An Open Letter To The Fathers Of Daughters Around The World

father-daughter

An Open Letter To The Fathers of Daughters Around The World:

Starting at a young age, at a very young age, make father/daughter time a priority. Make it a such a regular, natural occurrence that by the time she is a teenager, she expects you to take her out for sushi or ice cream.

When she’s six, laugh at her knock-knock jokes, teach her to fish. Walk the dog with her and dance the Macarena. Listen to her giggle about her favorite television show. Sit in the front row at her school music assembly. Let her fix your hair with barrettes and bows. Tell her she’s beautiful, inside and out.

When she’s ten, indulge her passion for ice cream. Ask about her teachers at school. Know her best friend’s name. Ask about her friend’s friends. Tell her about your friends when you were a kid. Go to every gymnastics meet. Play catch with her in the backyard. Go on a hike. Listen. Watch. Teach. Tell her she is beautiful, both inside and out.

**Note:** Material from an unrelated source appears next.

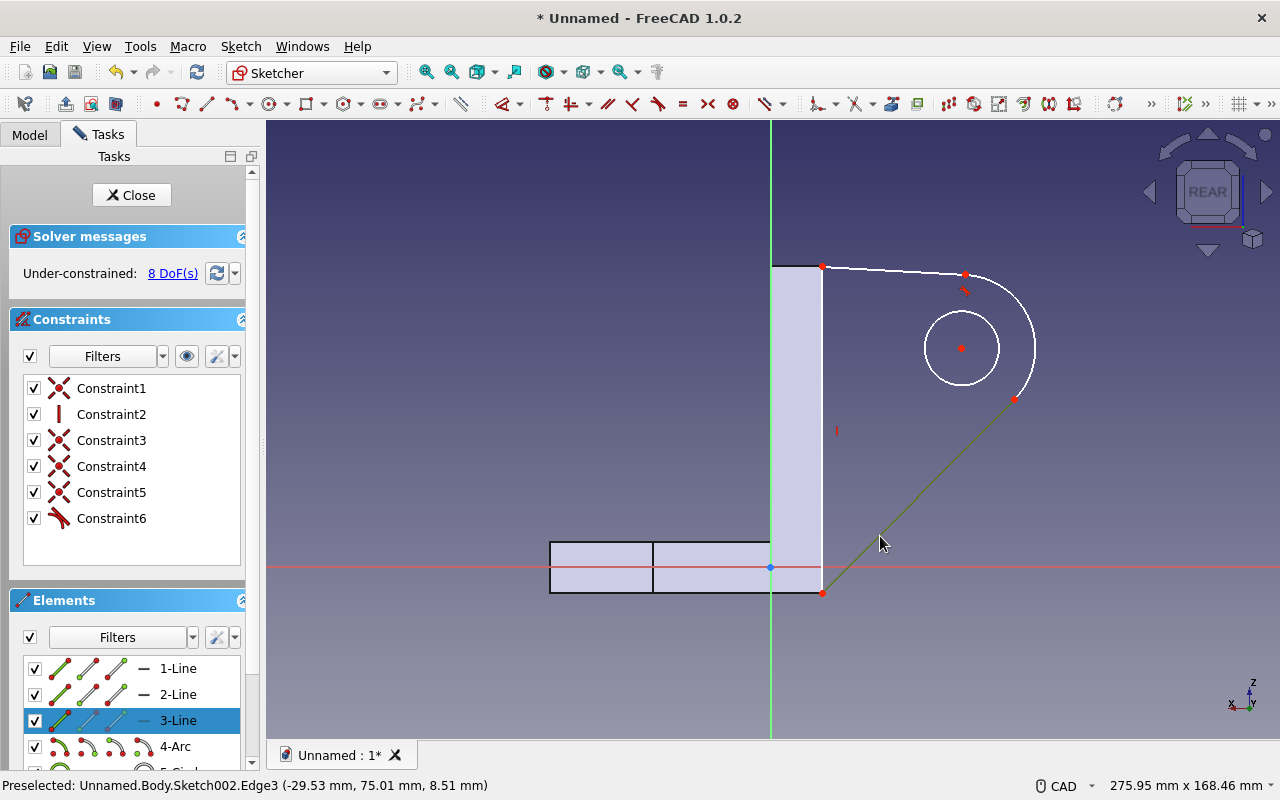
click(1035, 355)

When she is 14, share your passion of sushi together. Have her teach you how to use your iPhone.  Even if you already know. Watch a baseball game together. Go to her cheerleading competitions. Listen to her babble about things that seem unimportant. The important things will slip into the conversation when you least expect it. Listen harder. Tell her she is beautiful , inside and out.

When she is 19, take her out for coffee to hear all about her college classes. Listen as if your life depends on it. Nod. Smile. Offer advice if you think she’ll hear you. Sit silently, if you think she won’t. Just be there. As close as a text. As close as a phone call. Send her a funny picture in the mail. Make sure she knows you think of her every day. Tell her she is beautiful, both inside and out.

You have a power we mothers don’t have. You have the ability to teach our daughter that she is worth treasuring. The partner she chooses will be a reflection of you and all the work you did when she was still a little girl.

Will she pine for a boy and wait by the phone, just as she had to pine and wait for you? Or will she expect to be treated with kindness and consideration and respect? Will she allow her heart to be trounced on, over and over because she doesn’t feel she deserves better? Or will she let go of the frogs and hold out for a prince because you taught her that she is a princess?

Model good behavior with her mother. Show her how she should expect to be treated by her future soul mate.

Do these things, these simple, yet oh-so-important things to make life a little easier for the mothers of the daughters of the world. We tell our daughters that they are beautiful, both inside and out, every day. But they roll their eyes at us and say, “But Mom, you’re paid to say that!” When you say it, they hang onto your every word. Their eyes sparkle. They stand taller. They begin to believe what you say.

And then someday.

One day.

They will find a man, like you, who is beautiful.

Both inside and out.

14 Comments

Filed under Adult Children, children, parenting

14 responses to “An Open Letter To The Fathers Of Daughters Around The World

  1. Thanks Jane! Reblooging that one too 🙂

    I just had an opportunity to be at home for a couple of months and that time was precious and helped to reconnect with the kids.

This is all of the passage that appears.